• _Work task_:
Run through the data and copy out every line that mentions the word "True".

• _Given records_:
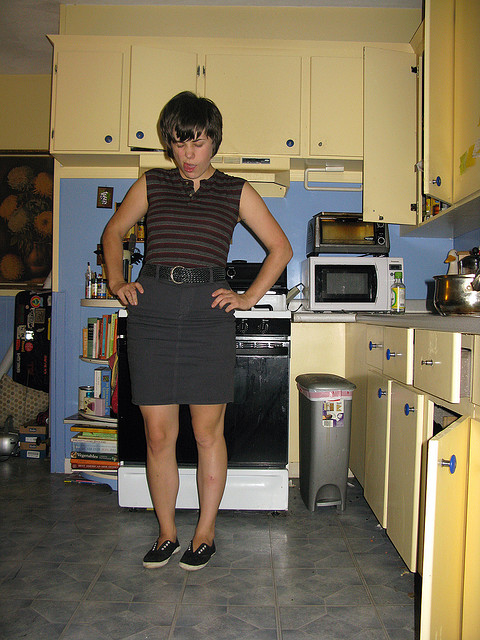How many ovens are there? 2 
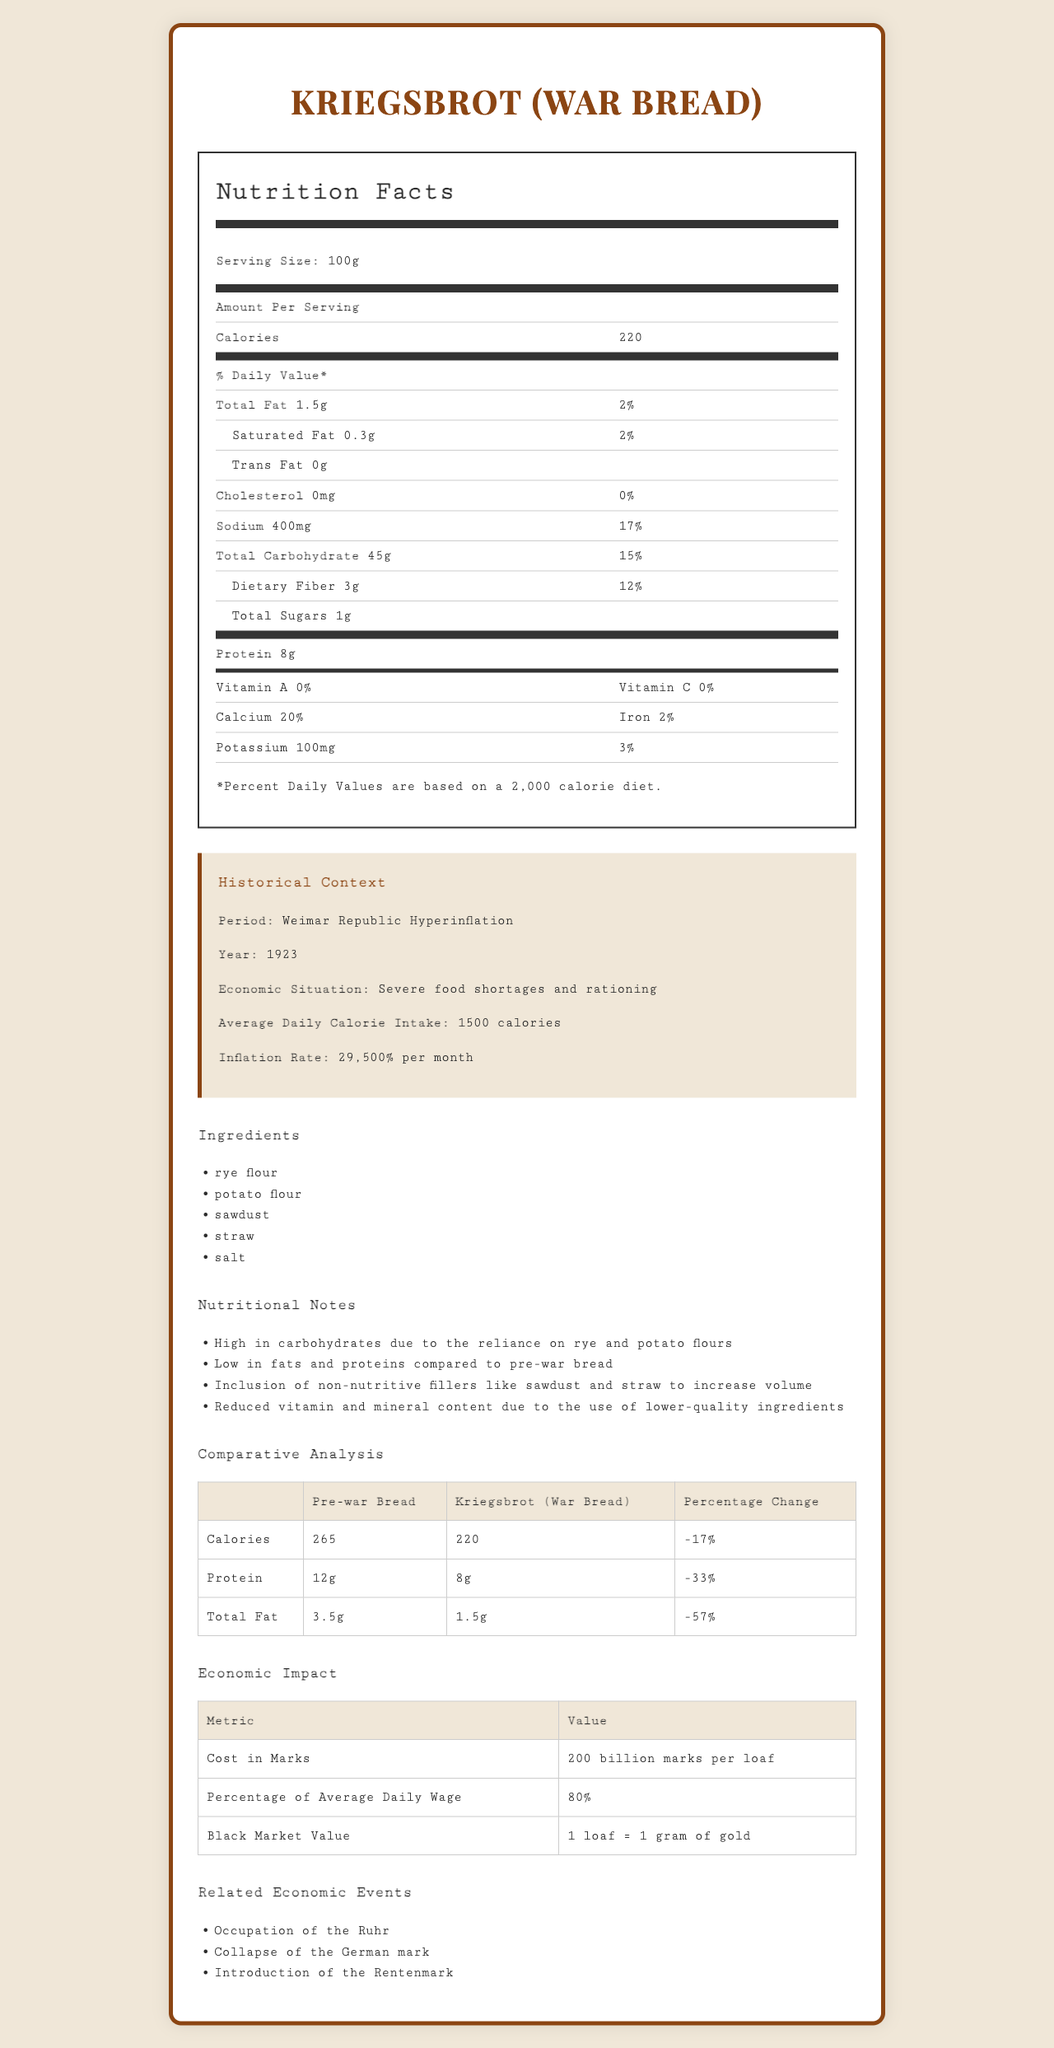what is the serving size of Kriegsbrot? The serving size is specified at the beginning of the nutrition facts label: "Serving Size: 100g".
Answer: 100g how many calories does one serving of Kriegsbrot contain? According to the nutrition facts, one serving of 100g Kriegsbrot contains 220 calories.
Answer: 220 how much sodium is in one serving of Kriegsbrot? The nutrition facts list the sodium content as 400mg per serving.
Answer: 400mg What are the ingredients used to make Kriegsbrot? The ingredients section lists rye flour, potato flour, sawdust, straw, and salt.
Answer: rye flour, potato flour, sawdust, straw, salt What is the historical period described in the document? The historical context explicitly states the period as "Weimar Republic Hyperinflation".
Answer: Weimar Republic Hyperinflation Which of the following best describes the economic situation during the Weimar Republic Hyperinflation? A. Economic boom and high employment B. Severe food shortages and rationing C. Stable prices and low inflation D. Technological advancements driving growth The historical context describes the economic situation as "severe food shortages and rationing".
Answer: B Which ingredient in Kriegsbrot is not typically found in modern bread? A. Rye flour B. Potato flour C. Sawdust D. Salt Sawdust is not a typical ingredient in modern bread, while rye flour, potato flour, and salt are more commonly used.
Answer: C True or False: The inclusion of non-nutritive fillers in Kriegsbrot was to increase its volume. The nutritional notes mention that non-nutritive fillers like sawdust and straw were included to increase volume.
Answer: True What percentage of an average daily wage did one loaf of Kriegsbrot cost during the Weimar Republic Hyperinflation? According to the economic impact section, one loaf of Kriegsbrot cost 80% of an average daily wage.
Answer: 80% What was the black market value of one loaf of Kriegsbrot? The economic impact section states that the black market value was equivalent to 1 gram of gold per loaf.
Answer: 1 loaf = 1 gram of gold Summarize the main idea of the document. The document encompasses various aspects of Kriegsbrot, from its nutritional breakdown and ingredients to the historical context, comparing it with pre-war bread, and detailing its economic significance in hyperinflationary Germany.
Answer: The document provides a detailed nutrition facts label for Kriegsbrot, a type of war bread from 1923 Germany during the Weimar Republic Hyperinflation. It includes its ingredients, nutritional value, historical context, and economic impact. The bread is notably low in fat and protein due to the use of low-quality fillers like sawdust and straw, and it cost a significant portion of daily wages during a time of severe food shortages and hyperinflation. What was the percentage change in calories from pre-war bread to Kriegsbrot? The comparative analysis section states the percentage change in calories as -17%.
Answer: -17% Is Kriegsbrot richer in protein compared to pre-war bread? The comparative analysis shows that Kriegsbrot has less protein (8g) compared to pre-war bread (12g) with a percentage change of -33%.
Answer: No Describe one nutritional note about Kriegsbrot. The nutritional notes section mentions that Kriegsbrot is high in carbohydrates because it relies on rye and potato flours.
Answer: High in carbohydrates due to the reliance on rye and potato flours What percentage of daily value is Potassium in Kriegsbrot? Potassium content is 100mg, and the percent daily value (3%) is calculated based on the daily requirement of 3500mg.
Answer: 3% What is the current inflation rate? The document only provides the inflation rate during the Weimar Republic Hyperinflation ("29,500% per month") without any reference to current inflation rates.
Answer: Not enough information

• _Task result_:
Answer: C True or False: The inclusion of non-nutritive fillers in Kriegsbrot was to increase its volume. The nutritional notes mention that non-nutritive fillers like sawdust and straw were included to increase volume.
Answer: True What percentage of an average daily wage did one loaf of Kriegsbrot cost during the Weimar Republic Hyperinflation? According to the economic impact section, one loaf of Kriegsbrot cost 80% of an average daily wage.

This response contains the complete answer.